Isolate every line in the data with the string "item" and copy it.

(RAW DATA)

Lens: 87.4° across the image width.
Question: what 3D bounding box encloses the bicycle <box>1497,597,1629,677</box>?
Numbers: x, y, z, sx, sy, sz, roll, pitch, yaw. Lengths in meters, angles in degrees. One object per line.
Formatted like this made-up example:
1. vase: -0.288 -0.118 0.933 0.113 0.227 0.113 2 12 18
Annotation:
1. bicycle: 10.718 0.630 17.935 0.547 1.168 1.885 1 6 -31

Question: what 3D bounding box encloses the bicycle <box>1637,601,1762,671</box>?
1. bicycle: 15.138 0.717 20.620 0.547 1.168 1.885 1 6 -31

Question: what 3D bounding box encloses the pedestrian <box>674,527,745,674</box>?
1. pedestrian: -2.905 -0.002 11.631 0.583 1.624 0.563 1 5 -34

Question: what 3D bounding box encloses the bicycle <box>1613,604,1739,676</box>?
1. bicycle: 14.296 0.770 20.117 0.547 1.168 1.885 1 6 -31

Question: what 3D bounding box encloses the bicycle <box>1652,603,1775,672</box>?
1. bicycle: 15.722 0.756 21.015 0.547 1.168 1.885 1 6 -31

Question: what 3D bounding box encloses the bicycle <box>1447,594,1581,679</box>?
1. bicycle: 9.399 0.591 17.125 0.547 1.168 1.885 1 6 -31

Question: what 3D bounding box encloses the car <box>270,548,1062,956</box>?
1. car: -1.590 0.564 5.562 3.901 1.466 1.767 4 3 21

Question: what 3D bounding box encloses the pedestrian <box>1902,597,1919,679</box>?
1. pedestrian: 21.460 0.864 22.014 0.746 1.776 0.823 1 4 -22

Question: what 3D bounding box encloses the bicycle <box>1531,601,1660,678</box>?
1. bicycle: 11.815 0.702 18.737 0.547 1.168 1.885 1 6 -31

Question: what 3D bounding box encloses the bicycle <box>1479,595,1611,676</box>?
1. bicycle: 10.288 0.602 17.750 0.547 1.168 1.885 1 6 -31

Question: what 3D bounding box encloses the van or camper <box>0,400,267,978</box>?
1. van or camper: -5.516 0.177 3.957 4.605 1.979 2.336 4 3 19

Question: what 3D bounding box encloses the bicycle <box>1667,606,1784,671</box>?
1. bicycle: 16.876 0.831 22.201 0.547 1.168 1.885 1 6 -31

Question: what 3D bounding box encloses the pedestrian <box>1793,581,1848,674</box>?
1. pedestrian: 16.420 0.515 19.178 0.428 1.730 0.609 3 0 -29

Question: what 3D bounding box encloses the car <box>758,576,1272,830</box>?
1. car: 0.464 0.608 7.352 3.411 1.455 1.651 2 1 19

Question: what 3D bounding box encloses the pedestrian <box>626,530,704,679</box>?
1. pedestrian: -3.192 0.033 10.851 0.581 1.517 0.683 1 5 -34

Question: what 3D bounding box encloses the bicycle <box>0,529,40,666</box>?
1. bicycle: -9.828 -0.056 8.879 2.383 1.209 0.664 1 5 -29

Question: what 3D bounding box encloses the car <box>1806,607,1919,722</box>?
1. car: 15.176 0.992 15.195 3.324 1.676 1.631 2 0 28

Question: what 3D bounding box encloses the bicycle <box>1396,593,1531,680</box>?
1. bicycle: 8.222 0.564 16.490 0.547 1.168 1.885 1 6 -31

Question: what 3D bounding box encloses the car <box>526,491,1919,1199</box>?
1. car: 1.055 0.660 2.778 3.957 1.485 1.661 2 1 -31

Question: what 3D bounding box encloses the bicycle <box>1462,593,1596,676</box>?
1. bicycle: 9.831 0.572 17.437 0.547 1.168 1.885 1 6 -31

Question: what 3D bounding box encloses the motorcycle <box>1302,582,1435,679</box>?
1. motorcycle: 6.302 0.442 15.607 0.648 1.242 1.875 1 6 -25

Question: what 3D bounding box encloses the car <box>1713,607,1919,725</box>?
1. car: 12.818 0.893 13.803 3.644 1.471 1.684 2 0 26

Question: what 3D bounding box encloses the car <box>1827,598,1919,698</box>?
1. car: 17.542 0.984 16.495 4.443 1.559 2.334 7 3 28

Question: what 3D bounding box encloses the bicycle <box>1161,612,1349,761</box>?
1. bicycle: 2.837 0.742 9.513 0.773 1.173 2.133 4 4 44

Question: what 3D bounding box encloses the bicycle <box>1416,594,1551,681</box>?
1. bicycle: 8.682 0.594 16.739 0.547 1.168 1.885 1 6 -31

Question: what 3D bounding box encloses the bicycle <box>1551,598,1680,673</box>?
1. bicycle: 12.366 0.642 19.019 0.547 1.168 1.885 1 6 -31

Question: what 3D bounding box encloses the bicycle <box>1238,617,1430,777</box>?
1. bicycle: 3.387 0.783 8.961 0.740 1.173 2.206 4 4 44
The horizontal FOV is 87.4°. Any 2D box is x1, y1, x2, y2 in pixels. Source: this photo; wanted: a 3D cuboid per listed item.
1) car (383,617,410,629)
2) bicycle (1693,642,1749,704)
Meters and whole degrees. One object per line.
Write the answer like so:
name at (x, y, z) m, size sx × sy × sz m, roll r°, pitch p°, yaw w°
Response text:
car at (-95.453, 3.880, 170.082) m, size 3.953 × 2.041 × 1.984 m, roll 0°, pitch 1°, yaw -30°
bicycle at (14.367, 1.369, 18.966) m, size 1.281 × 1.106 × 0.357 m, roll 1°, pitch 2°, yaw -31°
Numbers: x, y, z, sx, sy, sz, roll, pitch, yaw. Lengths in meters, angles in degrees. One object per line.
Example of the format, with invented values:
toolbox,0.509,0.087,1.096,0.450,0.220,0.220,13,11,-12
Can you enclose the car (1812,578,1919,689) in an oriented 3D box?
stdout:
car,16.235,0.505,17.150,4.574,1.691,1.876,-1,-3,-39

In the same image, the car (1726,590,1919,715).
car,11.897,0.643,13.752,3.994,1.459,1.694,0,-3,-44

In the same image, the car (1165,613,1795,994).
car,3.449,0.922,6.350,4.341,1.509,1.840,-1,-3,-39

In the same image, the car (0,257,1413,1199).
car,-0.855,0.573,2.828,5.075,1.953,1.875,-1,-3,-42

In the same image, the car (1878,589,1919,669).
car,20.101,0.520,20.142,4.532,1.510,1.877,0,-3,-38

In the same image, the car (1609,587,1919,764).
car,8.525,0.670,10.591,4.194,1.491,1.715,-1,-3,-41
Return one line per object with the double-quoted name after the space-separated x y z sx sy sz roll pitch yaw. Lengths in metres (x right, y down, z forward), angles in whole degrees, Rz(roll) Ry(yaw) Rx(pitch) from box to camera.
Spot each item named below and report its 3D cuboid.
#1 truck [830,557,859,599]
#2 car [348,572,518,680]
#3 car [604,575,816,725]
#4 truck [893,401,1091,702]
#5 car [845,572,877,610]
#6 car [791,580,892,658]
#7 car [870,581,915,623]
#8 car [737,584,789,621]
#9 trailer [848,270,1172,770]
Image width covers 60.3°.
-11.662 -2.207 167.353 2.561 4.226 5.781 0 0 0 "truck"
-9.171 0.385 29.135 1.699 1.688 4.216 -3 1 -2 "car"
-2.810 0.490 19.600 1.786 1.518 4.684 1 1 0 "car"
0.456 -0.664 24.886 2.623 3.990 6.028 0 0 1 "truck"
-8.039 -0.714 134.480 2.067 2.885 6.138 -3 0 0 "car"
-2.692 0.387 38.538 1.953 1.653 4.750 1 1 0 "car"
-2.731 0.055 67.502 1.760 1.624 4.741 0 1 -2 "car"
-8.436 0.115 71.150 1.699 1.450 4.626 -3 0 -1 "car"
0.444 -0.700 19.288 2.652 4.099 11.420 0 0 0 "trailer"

(End RAW DATA)

_WRITTEN RESPONSE_
The horizontal FOV is 87.4°. Any 2D box is x1, y1, x2, y2 in pixels. Source: this photo; wanted: a 3D cuboid per listed item.
Spot each item named below and report its 3D cuboid.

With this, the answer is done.